Flash has caused me a huge amount of hassle in the last few months. When I first powered it up on the Macs at uni, I found the program completely un-intuitive. Nothing seemed to make sense, despite the vaguely familiar Powerpoint-esque features like grouping objects and the slight hint of graphics programs like Photoshop and Fireworks.
I realised I also had a residual amount of scorn for Flash. I associated it with ads, annoying over-designed sites – basically stuff that kept you away from the content of a site rather than anything you would actually visit a site to access.
I made my ball bounce in class with help from Dean and that made me start to be aware of the possibilities.

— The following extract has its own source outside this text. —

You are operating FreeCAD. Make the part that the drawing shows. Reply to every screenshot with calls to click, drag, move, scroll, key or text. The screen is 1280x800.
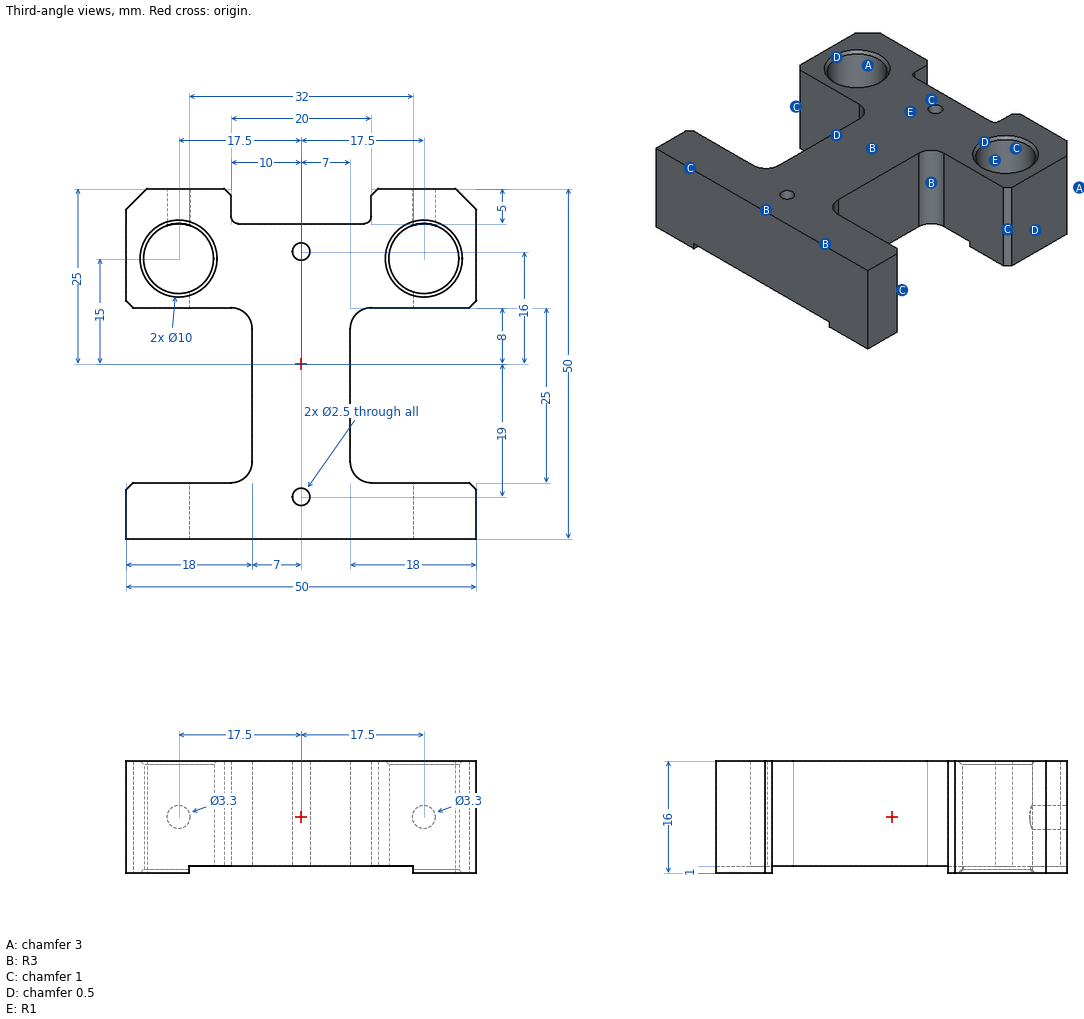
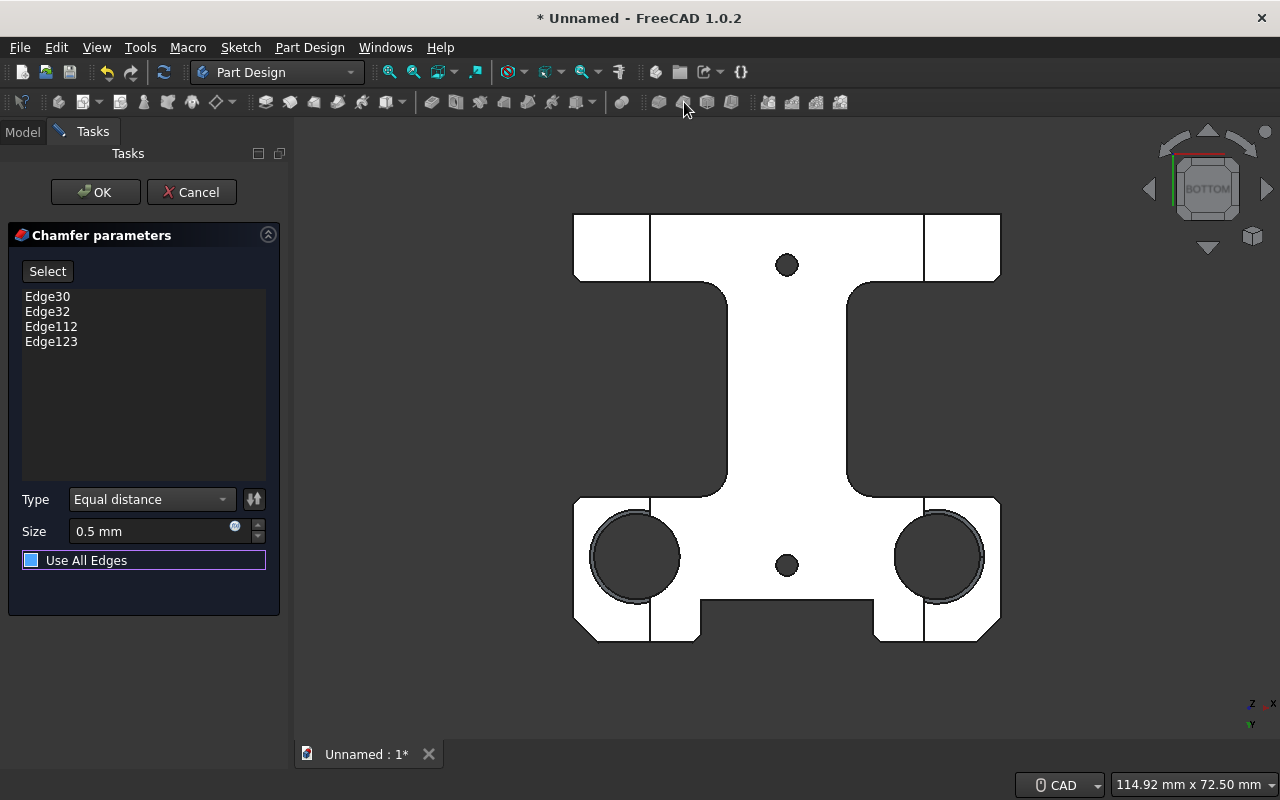
click(96, 192)

I work for a green organisation, the Australian Conservation Foundation. We have a joke at work that when we don’t know what to do, the management always asks “Well what is Greenpeace doing?” The answer to that question is, using Flash in a low key way to draw your eye away from the static central content of their homepage and towards little ads associated with campaigns in the side bar of their site.
I started to see how this could work for our site, which has always been way too static on the homepage. That led me to make some rash promises. “Sure, I’ll design some banner ads for our site!” I told everyone. “I’m learning Flash at uni.”

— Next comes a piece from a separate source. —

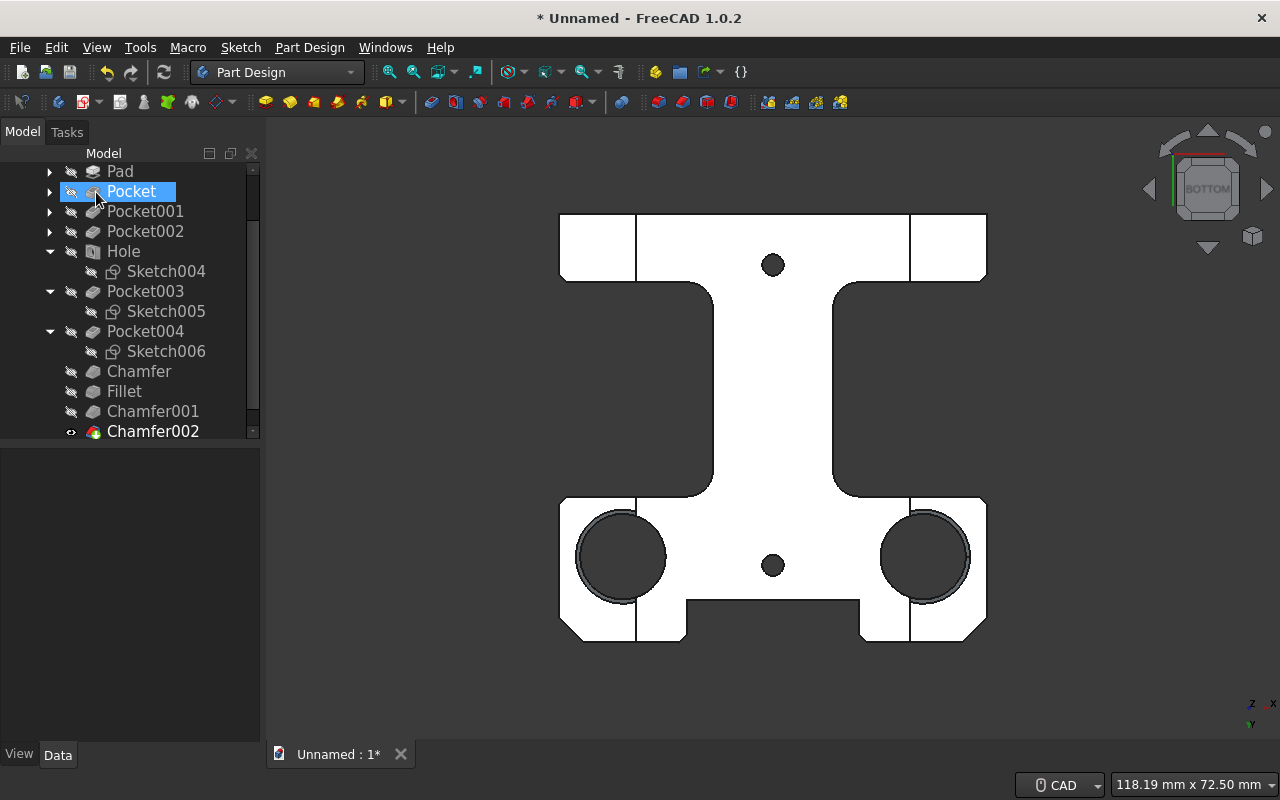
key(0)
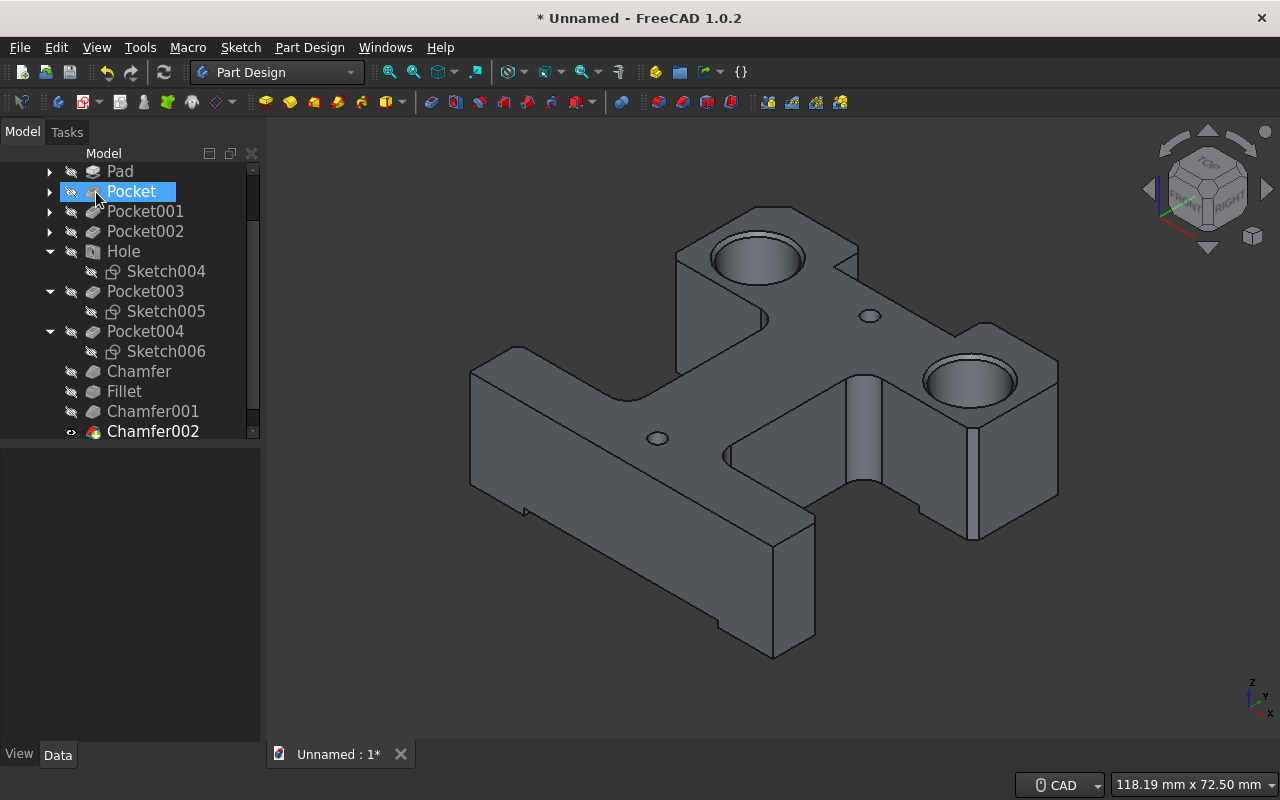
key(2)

The first banner ad took me a week to produce (in between obviously doing the other stuff I need to do at work). I had hassles with ordering events, preventing endless looping, making links work, getting the format right to be uploaded onto the site.

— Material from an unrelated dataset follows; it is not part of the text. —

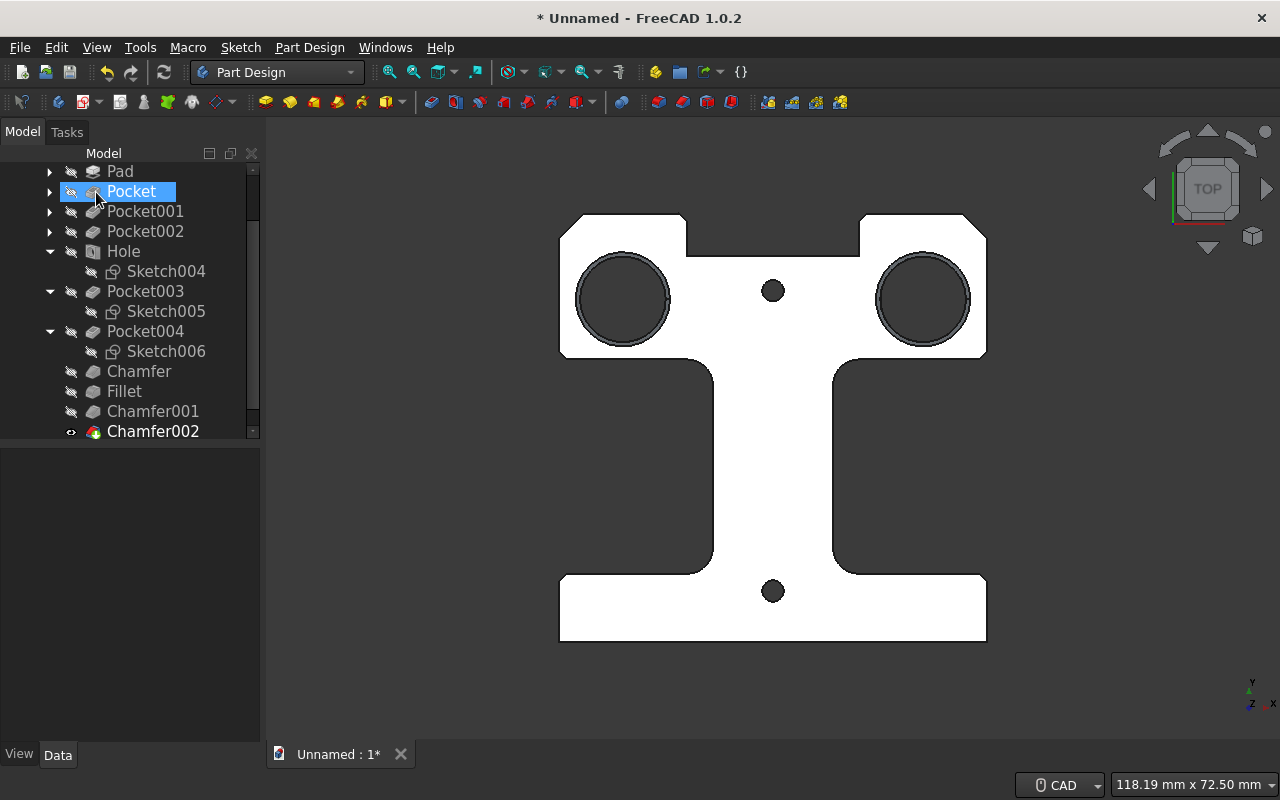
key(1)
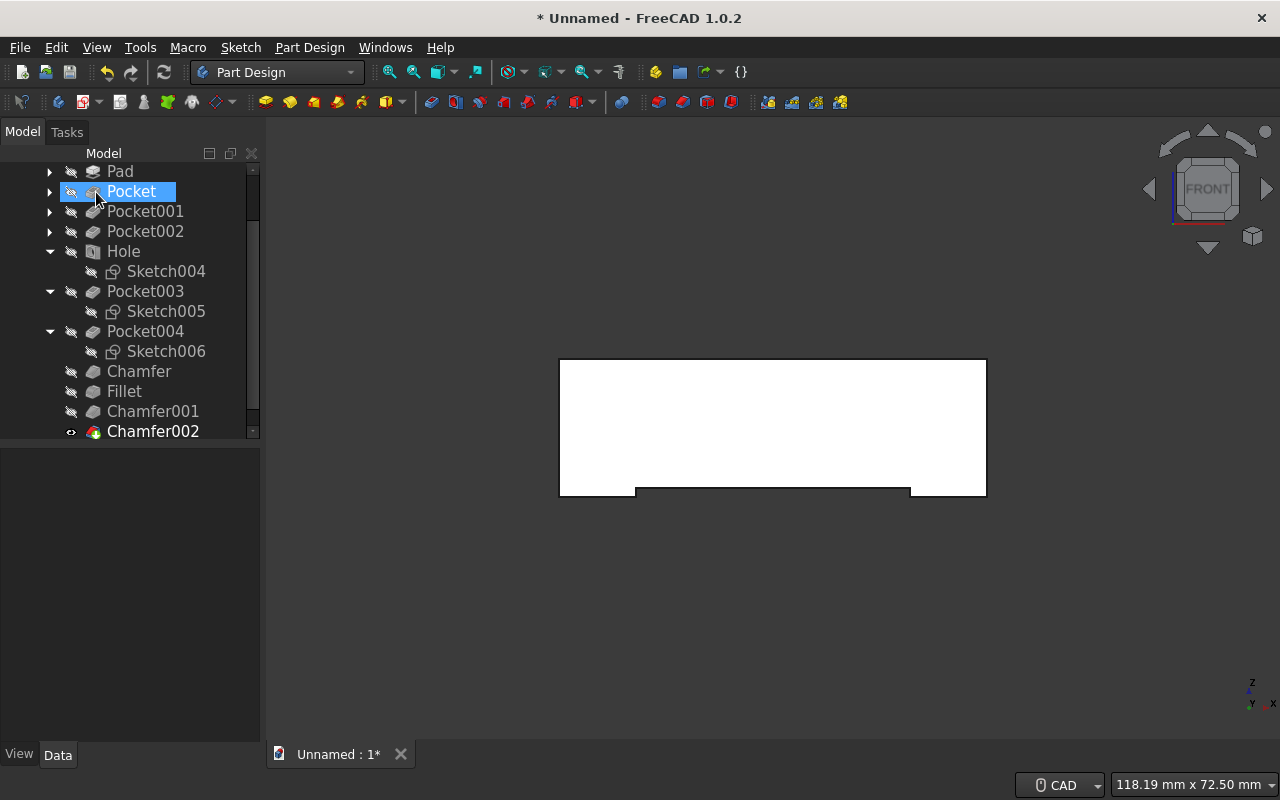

And it wasn’t a very ambititous banner either, basically just some text fading in and a link through to the appropriate page. Fortunately the IT guy at work just happened to buy us Flash recently as part of a software package so I had the software in PC version at work so I could muck around with it whenever there was a pause. But there were a few late nights and frantic phone calls to various IT types before this rather average banner made it onto the site.
The next time I ended up designing a banner was by accident. A passing head honcho had asked me to make these pages to celebrate our 40th anniversary and the hassle of trying to stretch my skills to make the video stuff had meant I was very pressed for time. When I finally got them up, she happened to mention that a Flash banner that pointed to them ‘would be nice.’ I was basically too wussy to say “No way, I’m crap at Flash and I haven’t got time.” so I faced the prospect of having to create another banner.
But this time things were much easier. I had solved most of the issues I had had with the simple stuff like looping, linking and getting the file type right. I even managed to add some layers with more interesting stuff happening, like these balloons that rise in the background. Very nifty! Here is the second banner.
However this banner still has some problems. I realised after I uploaded it that it lacks any “click here” or “do this action” type information to let the user know that clicking the banner will take them anywhere. I’m too lazy to think of a way to fix this issue so I’m going to let it stand, but I’ll have to take that into account next time.
This raises an interesting point about interactivity, which is that I can’t assume that everyone who comes to my site has the same ‘literacy’ in interactivity that I do. I would assume that if i saw something done in Flash moving on a site, there’s a good chance I could click through it to something else. But a lot of people complain to me that it isn’t clear certain things lead to other things.